6. The synaptic knob contains calcium ion pumps that establish a concentration gradient,
maintaining more calcium ions outside the neuron than inside, and voltage-gated calcium
ion channels that allow calcium ions to flow down its concentration gradient.
7. The synaptic knob, due to its negative charge based on the presence of phosphate groups,
repels negatively charged vesicles.
8. A specialized region of the sarcolemma, containing numerous indentations and junction
folds which increase the membrane surface area covered by the synaptic knob, is called the
motor end plate.
9. The motor end plate has multiple Ach receptors, or plasma membrane protein channels, that
provide for the binding of Ach and thus the opening of these channels, allowing the entry of
sodium and exit of potassium.
10. A narrow, fluid-filled space separating the synaptic knob and motor end plate is called the
synaptic cleft.
11. The synaptic cleft houses the enzyme acetylcholinesterase, which breaks down Ach
molecules released into the synaptic cleft.

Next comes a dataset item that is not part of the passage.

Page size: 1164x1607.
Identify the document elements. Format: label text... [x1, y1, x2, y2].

D. Skeletal Muscle Fibers at Rest (pp. 339–341)
1. At rest, the skeletal muscle cell’s membrane voltage is −90mV; this is the skeletal muscle
cell’s resting membrane potential.
2. Since no acetylcholine is being delivered to the muscle, the voltage-gated Na+ channels and
voltage-gated K+ channels in the sarcolemma and T-tubules are closed.

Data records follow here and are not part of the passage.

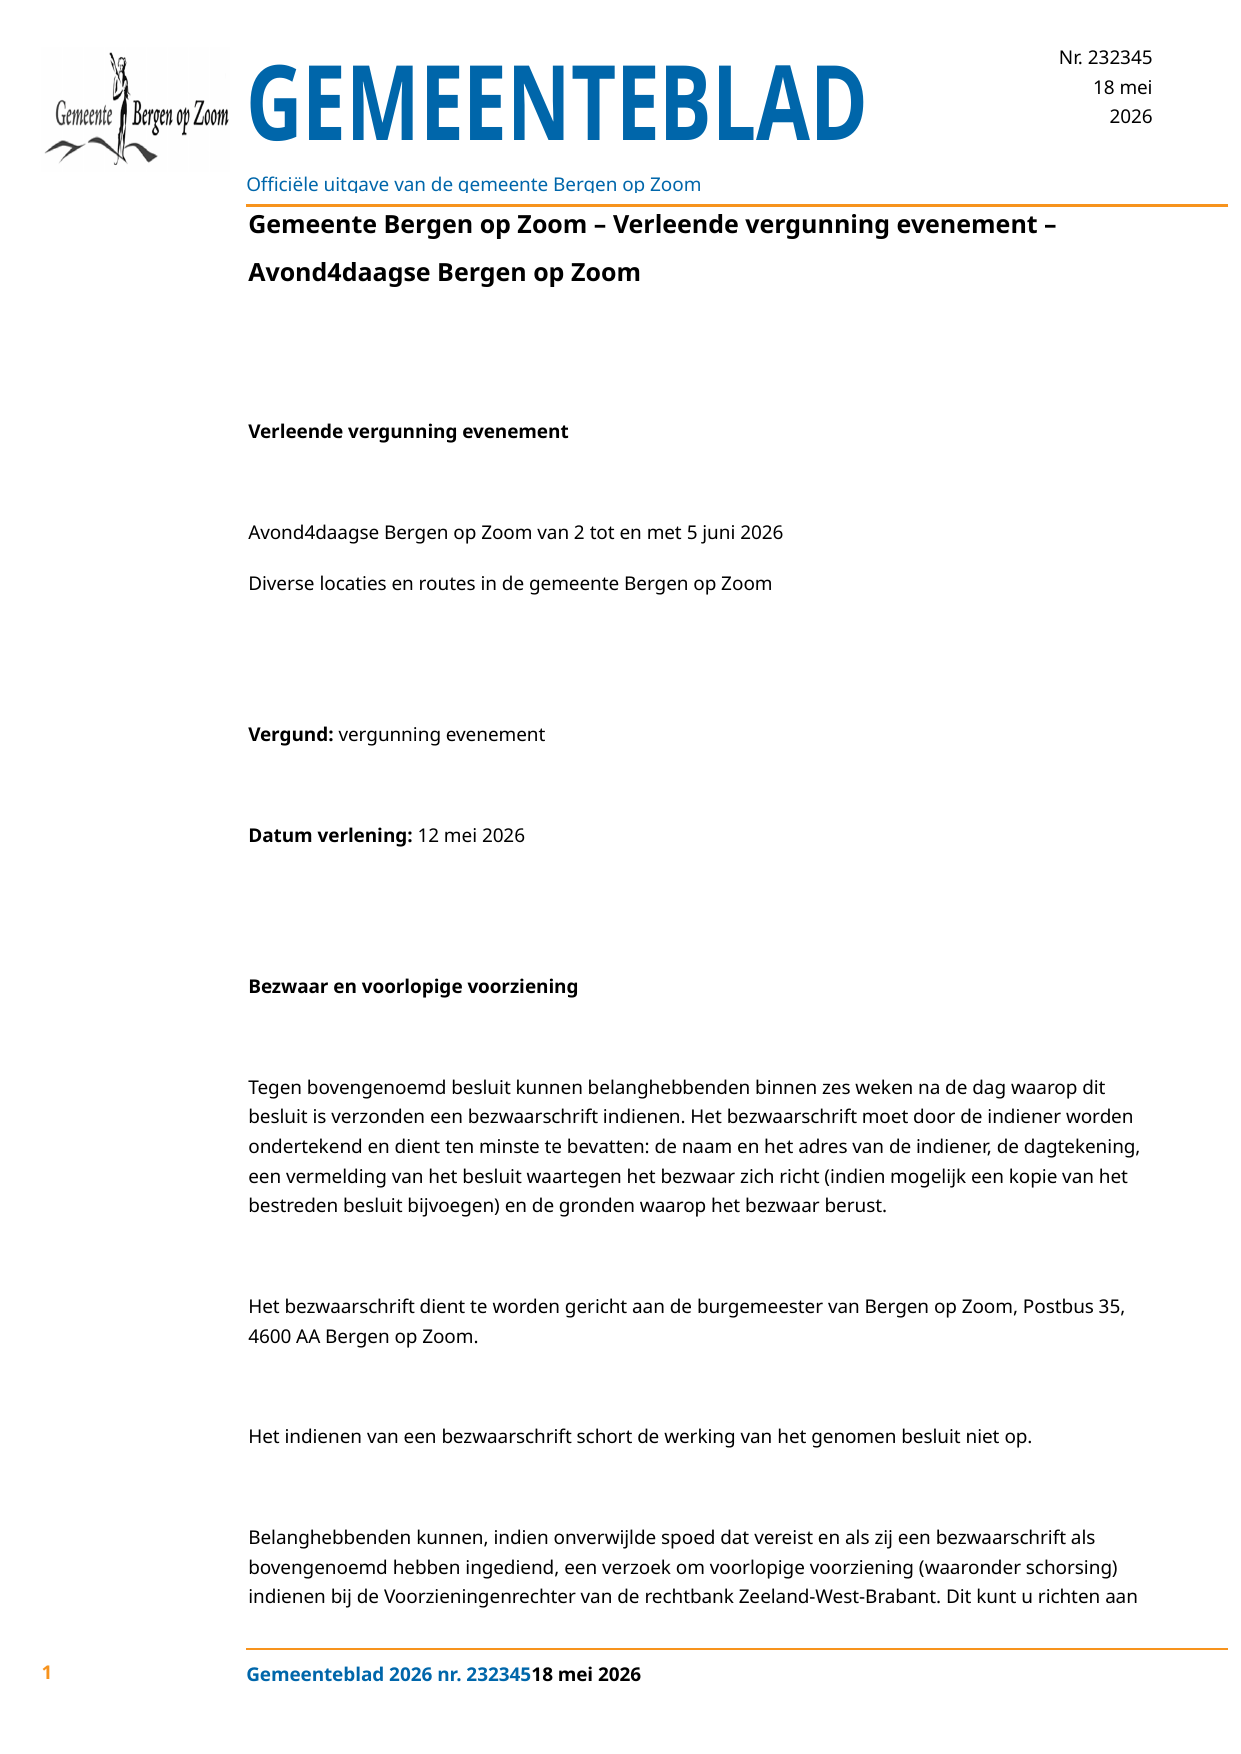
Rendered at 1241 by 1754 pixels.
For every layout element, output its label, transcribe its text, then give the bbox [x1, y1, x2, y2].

text Avond4daagse Bergen op Zoom van 2 tot en met 5 juni 2026 [248, 519, 1152, 545]
text Verleende vergunning evenement [248, 419, 1152, 444]
text Vergund: vergunning evenement [248, 721, 1152, 747]
text Het indienen van een bezwaarschrift schort de werking van het genomen besluit niet op. [248, 1424, 1152, 1449]
picture [41, 47, 231, 172]
text Tegen bovengenoemd besluit kunnen belanghebbenden binnen zes weken na de dag waarop dit besluit is verzonden een bezwaarschrift indienen. Het bezwaarschrift moet door de indiener worden ondertekend en dient ten minste te bevatten: de naam en het adres van de indiener, de dagtekening, een vermelding van het besluit waartegen het bezwaar zich richt (indien mogelijk een kopie van het bestreden besluit bijvoegen) en de gronden waarop het bezwaar berust. [248, 1074, 1152, 1218]
text Gemeente Bergen op Zoom – Verleende vergunning evenement – Avond4daagse Bergen op Zoom [248, 207, 1152, 288]
text Datum verlening: 12 mei 2026 [248, 822, 1152, 848]
text Diverse locaties en routes in de gemeente Bergen op Zoom [248, 570, 1152, 596]
text Belanghebbenden kunnen, indien onverwijlde spoed dat vereist en als zij een bezwaarschrift als bovengenoemd hebben ingediend, een verzoek om voorlopige voorziening (waaronder schorsing) indienen bij de Voorzieningenrechter van de rechtbank Zeeland-West-Brabant. Dit kunt u richten aan [248, 1524, 1152, 1609]
text Bezwaar en voorlopige voorziening [248, 973, 1152, 999]
text Het bezwaarschrift dient te worden gericht aan de burgemeester van Bergen op Zoom, Postbus 35, 4600 AA Bergen op Zoom. [248, 1293, 1152, 1349]

3. Calcium ion is stored within the terminal cisternae of the sarcoplasmic reticulum.
4. The contractile proteins (myofilaments) within the sarcomeres are in their relaxed position.
10.3 Physiology of Skeletal Muscle Contraction: A contracting muscle decreases in length as
thick and thin protein filaments within sarcomeres interact to cause sarcomeres to shorten.
(pp. 341–350)
1. During muscle contraction, muscle fiber decreases in length as thick and thin filaments cause
sarcomeres to shorten.
2. Tension exerted on the skeleton where muscle is attached generates movement of the body.
A. Neuromuscular Junction: Excitation of a Skeletal Muscle Fiber (p. 343)
1. Two events occur at the neuromuscular junction: Acetylcholine from a synaptic vesicle is
released and Ach binds to Ach receptors, which causes muscle fiber contraction.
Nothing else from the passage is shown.